You're saying you can index the confrontation to get the results for a certain rule, but that just gets you the aggregated results for that rule.
What I think both of us are looking for is to get the row-by-row results for that rule, telling us which row passed or failed that given rule.
Is that possible to get with this package? Otherwise, it's of pretty limited use to us.
cf$X <- (as.data.frame(check_that(data, is.na(X))))$value
Will Populate the $value variable with True and False for each record.
Pingback: Data checking packages in R | tonyladson
GREAT pkg, Mark!
Very, very useful.
I have a simple syntax question:
- The commas (",") in a Rule
seems to be ANDs.
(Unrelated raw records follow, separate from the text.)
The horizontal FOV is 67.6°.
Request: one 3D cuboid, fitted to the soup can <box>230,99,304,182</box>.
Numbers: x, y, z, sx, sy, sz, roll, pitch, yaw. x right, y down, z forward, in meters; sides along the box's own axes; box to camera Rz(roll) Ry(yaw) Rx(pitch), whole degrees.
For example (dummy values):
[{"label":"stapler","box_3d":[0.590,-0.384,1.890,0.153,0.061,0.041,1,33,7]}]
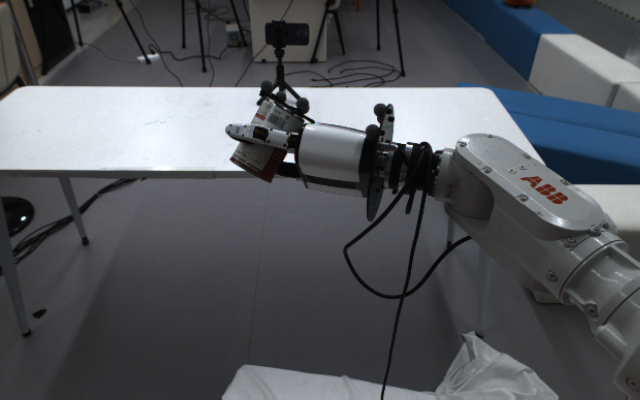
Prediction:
[{"label":"soup can","box_3d":[-0.076,-0.084,0.688,0.067,0.101,0.067,31,1,-1]}]
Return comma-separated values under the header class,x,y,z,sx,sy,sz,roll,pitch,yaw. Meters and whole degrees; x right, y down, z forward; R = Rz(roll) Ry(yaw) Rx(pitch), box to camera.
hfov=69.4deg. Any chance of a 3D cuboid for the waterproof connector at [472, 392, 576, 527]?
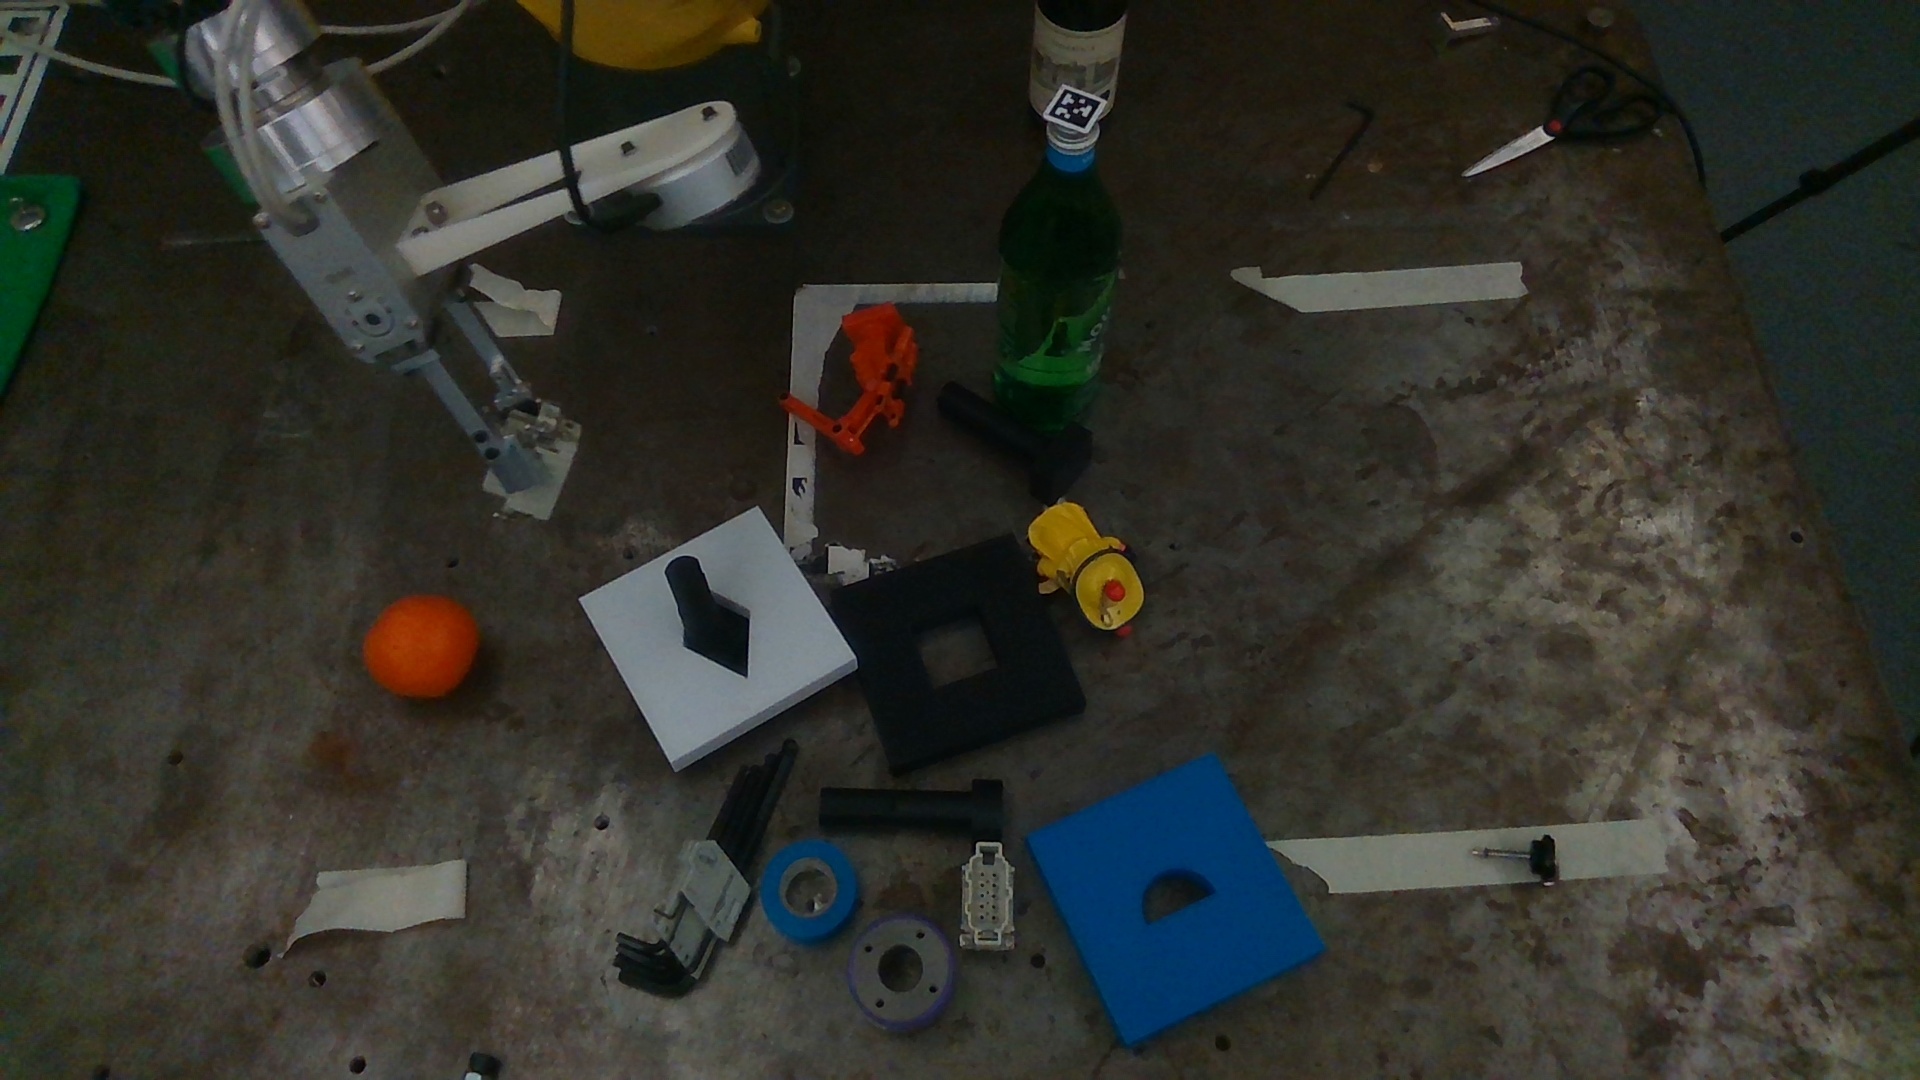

Ok!
- Why not make the "|" (single bar character)
an OR between conditions?.
This way you would not need the
if(...) construct
+ an empty space in the if() btw conditions
to define an OR condition,
as in your present example:
v 0.5 * Sepal.Length
, mean = mean(Sepal.Width) > 0
, cnd = if ( Sepal.Width > 0.5*Sepal.Length) Sepal.Length > 10 # Here!!
)
so, cnd (last line)would be:
,cnd = Sepal.Width > 0.5*Sepal.Length | Sepal.Length > 10
Would make the syntax +consistent
and easier to remember. 🙂
Thanks! / Dank U!
Thanks for the compliment :-).
The suggestion you make, to replace 'if' with '|', is a bit unclear to me. In the example you give, the two statements are not equivalent.
I mean, when interpreted as a validation rule the statement
is equivalent to
By material implication. In fact, that's what validate uses to vectorize and speed up execution of such statements.
Which function can I use to list records from my dataset that have violated the defined Rules? Thanx for the great work. Much appreciated.